*Work to complete:* Print, in exact form, the lines below from the one containing "maker's years: 1845-1916" through the one containing "geography: netherlands", and omit all others.

[Collected data]

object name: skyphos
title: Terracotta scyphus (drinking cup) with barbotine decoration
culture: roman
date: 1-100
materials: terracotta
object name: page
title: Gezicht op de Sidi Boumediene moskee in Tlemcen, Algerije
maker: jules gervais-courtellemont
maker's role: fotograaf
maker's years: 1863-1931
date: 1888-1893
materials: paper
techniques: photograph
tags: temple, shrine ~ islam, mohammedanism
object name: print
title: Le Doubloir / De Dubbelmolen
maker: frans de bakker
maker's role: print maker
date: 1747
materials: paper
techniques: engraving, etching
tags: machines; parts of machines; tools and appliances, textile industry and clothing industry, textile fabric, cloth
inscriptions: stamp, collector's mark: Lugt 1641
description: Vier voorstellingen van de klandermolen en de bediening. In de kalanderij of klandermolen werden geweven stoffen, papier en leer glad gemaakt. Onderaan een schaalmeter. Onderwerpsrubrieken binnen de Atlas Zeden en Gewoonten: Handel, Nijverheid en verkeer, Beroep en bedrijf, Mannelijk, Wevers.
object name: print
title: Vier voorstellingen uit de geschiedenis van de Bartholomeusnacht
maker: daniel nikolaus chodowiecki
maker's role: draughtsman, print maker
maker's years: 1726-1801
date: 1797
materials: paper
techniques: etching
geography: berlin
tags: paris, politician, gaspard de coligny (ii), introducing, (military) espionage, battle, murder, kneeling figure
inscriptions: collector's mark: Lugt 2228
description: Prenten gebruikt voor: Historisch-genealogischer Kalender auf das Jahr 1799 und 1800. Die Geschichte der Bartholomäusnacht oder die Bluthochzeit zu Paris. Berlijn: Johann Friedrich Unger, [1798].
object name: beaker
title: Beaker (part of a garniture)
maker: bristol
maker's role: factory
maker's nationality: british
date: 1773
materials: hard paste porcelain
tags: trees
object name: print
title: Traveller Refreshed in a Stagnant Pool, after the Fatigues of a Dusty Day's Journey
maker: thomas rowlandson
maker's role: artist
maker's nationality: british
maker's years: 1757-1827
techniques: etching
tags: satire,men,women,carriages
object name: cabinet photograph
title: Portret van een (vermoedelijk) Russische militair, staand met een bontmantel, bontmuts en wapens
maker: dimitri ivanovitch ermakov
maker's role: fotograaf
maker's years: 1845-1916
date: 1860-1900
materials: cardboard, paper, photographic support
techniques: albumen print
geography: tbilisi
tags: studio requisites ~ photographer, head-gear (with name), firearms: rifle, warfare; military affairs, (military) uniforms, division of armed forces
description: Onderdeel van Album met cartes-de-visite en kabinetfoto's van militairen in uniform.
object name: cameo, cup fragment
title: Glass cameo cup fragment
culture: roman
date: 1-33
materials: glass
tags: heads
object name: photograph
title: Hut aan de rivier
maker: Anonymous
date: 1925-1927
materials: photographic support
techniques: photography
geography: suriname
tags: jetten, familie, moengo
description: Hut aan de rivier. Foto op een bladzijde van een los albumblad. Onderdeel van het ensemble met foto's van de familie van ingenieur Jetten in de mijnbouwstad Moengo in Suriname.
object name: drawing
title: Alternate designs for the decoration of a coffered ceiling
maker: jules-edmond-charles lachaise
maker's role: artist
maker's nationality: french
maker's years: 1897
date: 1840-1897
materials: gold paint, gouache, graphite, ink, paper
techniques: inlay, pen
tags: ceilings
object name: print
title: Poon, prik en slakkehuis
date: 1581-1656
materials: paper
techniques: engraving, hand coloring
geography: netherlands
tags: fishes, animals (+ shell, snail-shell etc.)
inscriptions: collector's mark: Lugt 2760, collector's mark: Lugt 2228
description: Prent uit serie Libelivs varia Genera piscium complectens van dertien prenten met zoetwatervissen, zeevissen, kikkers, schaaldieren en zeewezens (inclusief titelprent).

*Exercise response:*
maker's years: 1845-1916
date: 1860-1900
materials: cardboard, paper, photographic support
techniques: albumen print
geography: tbilisi
tags: studio requisites ~ photographer, head-gear (with name), firearms: rifle, warfare; military affairs, (military) uniforms, division of armed forces
description: Onderdeel van Album met cartes-de-visite en kabinetfoto's van militairen in uniform.
object name: cameo, cup fragment
title: Glass cameo cup fragment
culture: roman
date: 1-33
materials: glass
tags: heads
object name: photograph
title: Hut aan de rivier
maker: Anonymous
date: 1925-1927
materials: photographic support
techniques: photography
geography: suriname
tags: jetten, familie, moengo
description: Hut aan de rivier. Foto op een bladzijde van een los albumblad. Onderdeel van het ensemble met foto's van de familie van ingenieur Jetten in de mijnbouwstad Moengo in Suriname.
object name: drawing
title: Alternate designs for the decoration of a coffered ceiling
maker: jules-edmond-charles lachaise
maker's role: artist
maker's nationality: french
maker's years: 1897
date: 1840-1897
materials: gold paint, gouache, graphite, ink, paper
techniques: inlay, pen
tags: ceilings
object name: print
title: Poon, prik en slakkehuis
date: 1581-1656
materials: paper
techniques: engraving, hand coloring
geography: netherlands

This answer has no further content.